[RECORDS SHOWN]

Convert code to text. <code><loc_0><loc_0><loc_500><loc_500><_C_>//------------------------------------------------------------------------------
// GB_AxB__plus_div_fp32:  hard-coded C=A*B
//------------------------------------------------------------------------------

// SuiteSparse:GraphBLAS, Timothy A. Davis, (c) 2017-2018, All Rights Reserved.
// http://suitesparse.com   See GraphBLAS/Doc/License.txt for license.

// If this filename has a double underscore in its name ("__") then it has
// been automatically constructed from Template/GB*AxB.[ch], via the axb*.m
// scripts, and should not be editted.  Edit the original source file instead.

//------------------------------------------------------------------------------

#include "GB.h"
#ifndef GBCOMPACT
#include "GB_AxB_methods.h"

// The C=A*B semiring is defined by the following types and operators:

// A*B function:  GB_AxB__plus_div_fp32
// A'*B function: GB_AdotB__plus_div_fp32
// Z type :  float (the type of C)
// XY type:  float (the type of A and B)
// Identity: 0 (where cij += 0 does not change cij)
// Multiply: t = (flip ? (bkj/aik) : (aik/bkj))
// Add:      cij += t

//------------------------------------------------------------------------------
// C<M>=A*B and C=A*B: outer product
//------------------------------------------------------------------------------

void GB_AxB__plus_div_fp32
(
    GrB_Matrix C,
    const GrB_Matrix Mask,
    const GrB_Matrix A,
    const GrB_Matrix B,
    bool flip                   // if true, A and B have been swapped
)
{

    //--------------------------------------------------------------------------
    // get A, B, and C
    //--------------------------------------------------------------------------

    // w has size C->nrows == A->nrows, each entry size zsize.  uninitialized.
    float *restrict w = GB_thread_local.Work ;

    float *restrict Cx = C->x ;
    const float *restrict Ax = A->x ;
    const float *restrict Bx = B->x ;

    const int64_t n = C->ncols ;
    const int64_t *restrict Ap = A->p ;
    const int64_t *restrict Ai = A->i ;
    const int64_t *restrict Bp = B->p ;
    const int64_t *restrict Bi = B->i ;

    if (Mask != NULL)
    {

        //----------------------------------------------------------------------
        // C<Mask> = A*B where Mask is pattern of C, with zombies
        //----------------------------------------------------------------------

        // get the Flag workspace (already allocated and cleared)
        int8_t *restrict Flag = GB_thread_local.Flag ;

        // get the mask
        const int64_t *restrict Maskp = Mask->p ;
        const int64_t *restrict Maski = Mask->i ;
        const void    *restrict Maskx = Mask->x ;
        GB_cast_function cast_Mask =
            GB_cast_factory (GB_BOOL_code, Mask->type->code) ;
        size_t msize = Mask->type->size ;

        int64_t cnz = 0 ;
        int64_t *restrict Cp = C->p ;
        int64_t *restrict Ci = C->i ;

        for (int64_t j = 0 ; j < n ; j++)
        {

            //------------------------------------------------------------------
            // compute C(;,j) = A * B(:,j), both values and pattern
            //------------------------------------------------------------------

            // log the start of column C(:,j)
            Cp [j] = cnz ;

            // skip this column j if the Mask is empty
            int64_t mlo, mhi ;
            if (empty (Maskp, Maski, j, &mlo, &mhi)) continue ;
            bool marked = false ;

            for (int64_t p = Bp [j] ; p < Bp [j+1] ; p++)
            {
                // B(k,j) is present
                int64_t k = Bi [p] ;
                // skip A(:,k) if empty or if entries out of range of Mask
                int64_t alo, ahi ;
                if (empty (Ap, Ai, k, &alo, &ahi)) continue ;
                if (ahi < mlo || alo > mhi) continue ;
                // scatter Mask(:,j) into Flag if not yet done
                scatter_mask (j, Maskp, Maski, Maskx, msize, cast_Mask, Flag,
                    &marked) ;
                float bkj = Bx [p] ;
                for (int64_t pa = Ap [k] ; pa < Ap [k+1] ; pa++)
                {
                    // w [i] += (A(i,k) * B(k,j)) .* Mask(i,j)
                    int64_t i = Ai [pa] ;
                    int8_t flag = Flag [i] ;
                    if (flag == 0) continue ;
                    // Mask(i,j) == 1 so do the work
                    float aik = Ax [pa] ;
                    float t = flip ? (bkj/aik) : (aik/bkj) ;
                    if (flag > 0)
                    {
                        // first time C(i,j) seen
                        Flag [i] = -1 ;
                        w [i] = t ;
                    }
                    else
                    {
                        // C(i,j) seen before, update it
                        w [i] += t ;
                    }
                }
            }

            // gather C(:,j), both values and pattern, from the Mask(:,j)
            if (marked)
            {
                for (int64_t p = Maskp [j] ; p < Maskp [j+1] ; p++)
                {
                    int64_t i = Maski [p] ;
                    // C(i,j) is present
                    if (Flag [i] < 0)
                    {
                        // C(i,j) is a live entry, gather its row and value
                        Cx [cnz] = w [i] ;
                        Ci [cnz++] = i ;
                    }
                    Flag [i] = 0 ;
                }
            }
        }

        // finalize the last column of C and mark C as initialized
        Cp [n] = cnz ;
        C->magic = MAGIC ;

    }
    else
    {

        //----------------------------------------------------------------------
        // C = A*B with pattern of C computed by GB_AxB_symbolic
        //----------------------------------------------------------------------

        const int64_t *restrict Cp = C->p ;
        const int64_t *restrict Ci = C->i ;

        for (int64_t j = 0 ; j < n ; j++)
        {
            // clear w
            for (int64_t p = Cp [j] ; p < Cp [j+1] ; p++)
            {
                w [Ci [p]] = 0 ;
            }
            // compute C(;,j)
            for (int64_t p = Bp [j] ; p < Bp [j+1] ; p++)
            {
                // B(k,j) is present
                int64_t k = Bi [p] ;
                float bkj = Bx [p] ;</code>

[/RECORDS SHOWN]

**WHAT THE TASK ASKS**. If a line in the entries includes the word "continue", copy that line out.

**RESPONSE AREA**.
            if (empty (Maskp, Maski, j, &mlo, &mhi)) continue ;
                if (empty (Ap, Ai, k, &alo, &ahi)) continue ;
                if (ahi < mlo || alo > mhi) continue ;
                    if (flag == 0) continue ;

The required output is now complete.